When and where was OPEC founded?

OPEC was founded on the 14th of September 1960 in Baghdad. Its first five members were Iran, Iraq, Kuwait, Saudi Arabia and Venezuela.

What does OPEC stand for and what does it do?

OPEC stands for the Organization of the Petroleum Exporting Countries. It is an intergovernmental cartel that enables co-operation among leading oil-producing countries to collectively influence the global oil market and maximise profit.

How much of the world's oil reserves does OPEC control?

An estimated 79.5 percent of the world's proven oil reserves are located within OPEC nations. The Middle East alone accounts for 67.2 percent of OPEC's total reserves, and OPEC accounted for 38 percent of global oil production in 2022.

Who were the Seven Sisters and why did OPEC form against them?

The Seven Sisters were the multinational oil companies that dominated the world oil market before OPEC, five of them headquartered in the US after the breakup of John D. Rockefeller's Standard Oil monopoly. Oil-exporting countries formed OPEC as a counterweight to this concentration of political and economic power.

What happened during the 1973 OPEC oil embargo?

In October 1973, the Organization of Arab Petroleum Exporting Countries declared production cuts and an oil embargo against the United States and other nations supporting Israel in the Yom Kippur War. Oil prices rose from 3 US dollars a barrel to 12, and industrialised nations imposed rationing measures such as the UK's three-day workweek and Sunday driving bans across seven European nations.

Why does OPEC often fail to control oil prices?

OPEC struggles because it is individually rational for each member to cheat on production commitments while OPEC does not punish non-compliance. Political scientist Jeff Colgan found members cheated on 96 percent of their commitments between 1982 and 2009.
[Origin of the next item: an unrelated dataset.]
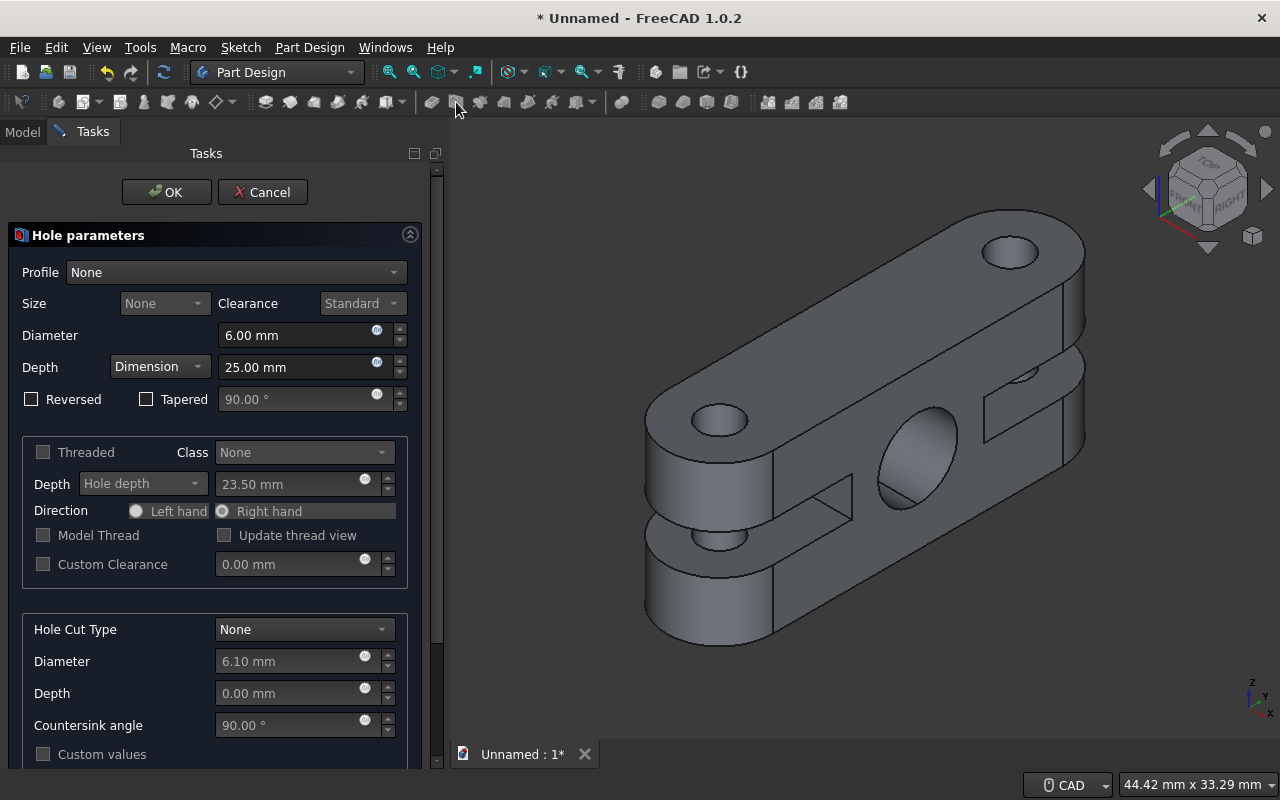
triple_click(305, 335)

Why did the UAE leave OPEC in 2026?

The UAE, the third-largest producer in OPEC at the time, announced on the 28th of April 2026 that it would leave OPEC and OPEC+, effective the 1st of May 2026. The decision followed the war with Iran, in which the UAE was targeted, and a sense of being constrained by group quotas, with one analyst calling it a declaration of independence.